O advogado Tayrone Marquesini Chiavone, 33 anos, que morou em Vargem Grande do Sul durante toda a sua infância e parte de sua vida adulta, enquanto cursava a graduação em Direito, acabou de escrever o livro Sociedade de Risco Digital: O Princípio da Precaução na Regulação da Inteligência Artificial.
Residindo atualmente em São Bernardo do Campo, onde administra seu escritório de advocacia, Tayrone é filho de Solange Garcia Marquesini e Reinaldo Antônio Chiavone. Também cita as influências de seu segundo pai, Manoucherh Charkhi na sua vida. Ele se formou em Direito pela Unifeob em 2014 e se tornou mestre em Direito pela Universidade Nova de Lisboa, em Portugal. Atualmente, o advogado está se preparando para ingressar no doutorado, estando entre as suas opções a USP do Largo São Francisco ou a Universidade de Coimbra, em Portugal.
Seu livro será lançado no dia 7 de março na livraria Curitiba, no shopping Golden Square de São Bernardo do Campo, às 19h. Ele pode ser adquirido na Amazon ou na Editora Dialética.
À Gazeta de Vargem Grande, ele contou o que o levou a escrever esse livro. “Esta obra é o resultado das minhas investigações durante o meu curso de mestrado na Universidade Nova, de Lisboa. O interesse em compreender os riscos inerentes ao uso da inteligência artificial e como o Direito iria se comportar para regular esta tecnologia, constituíram as motivações centrais por trás da minha pesquisa”, explicou.
Em suas redes sociais, Tayrone explicou que este trabalho foi desenvolvido no âmbito do grupo de pesquisa COSMOPOLITANISM – Justice, Democracy and Citizenship without Borders, um projeto financiado pela Fundação para a Ciência e Tecnologia de Portugal.
“Eu utilizei como marco teórico da minha pesquisa a “Teoria da Sociedade de Risco” de Ulrich Beck. A escolha deste marco teórico buscou dar sequência àquilo que Beck previa ao analisar a transição da Sociedade Moderna para a Modernidade Reflexiva, por consequência a Sociedade de Risco”, disse.
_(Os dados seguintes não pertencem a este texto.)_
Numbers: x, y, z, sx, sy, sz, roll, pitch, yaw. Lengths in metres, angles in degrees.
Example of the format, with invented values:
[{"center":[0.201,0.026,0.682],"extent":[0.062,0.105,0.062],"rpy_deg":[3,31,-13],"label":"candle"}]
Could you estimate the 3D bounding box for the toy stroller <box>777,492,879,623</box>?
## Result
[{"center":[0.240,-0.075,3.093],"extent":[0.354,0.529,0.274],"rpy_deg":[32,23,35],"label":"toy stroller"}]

“No entanto, a minha pesquisa avança ao interpretar o processo de digitalização da sociedade como um novo paradigma na produção e amplificação de riscos, levando ao que denomino de ‘Sociedade de Risco Digital’ (especificamente os riscos relativos ao uso da inteligência artificial, que se distingue pela sua capacidade de alterar profundamente as estruturas de poder e as dinâmicas sociais)”, completou.
Para ele, no cerne da obra, está a compreensão de que a inteligência artificial cria novas formas de riscos que são, por sua natureza, difíceis de prever e de gerir. “Por isso, este estudo investiga a necessidade de uma abordagem regulatória que incorpore o princípio da precaução – um princípio norteador na regulação de incertezas científicas. A decisão de transformar essa pesquisa em um livro reflete aquilo que mais acredito como pesquisador: que todo conhecimento adquirido deve ser compartilhado e disseminado para o benefício coletivo”, finalizou.
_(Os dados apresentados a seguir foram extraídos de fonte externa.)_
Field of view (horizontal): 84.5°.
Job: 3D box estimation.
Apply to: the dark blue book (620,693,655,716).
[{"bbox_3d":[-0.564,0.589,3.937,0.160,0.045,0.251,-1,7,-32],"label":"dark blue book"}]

Tayrone vem de uma família de advogados, sendo o primeiro deles o seu falecido avô Romualdo Marquesini, advogado conhecido em Vargem. “Atualmente ainda possuo meu tio Sandro Marquesini, um excelente advogado criminalista de Vargem Grande do Sul”, disse.
Na cidade, o advogado estudou no Colégio Caracol e Espelho Mágico (Nova Era) quando criança, fez o colegial na Escola D. Pedro II e cursou a graduação de Direito em São João da Boa Vista.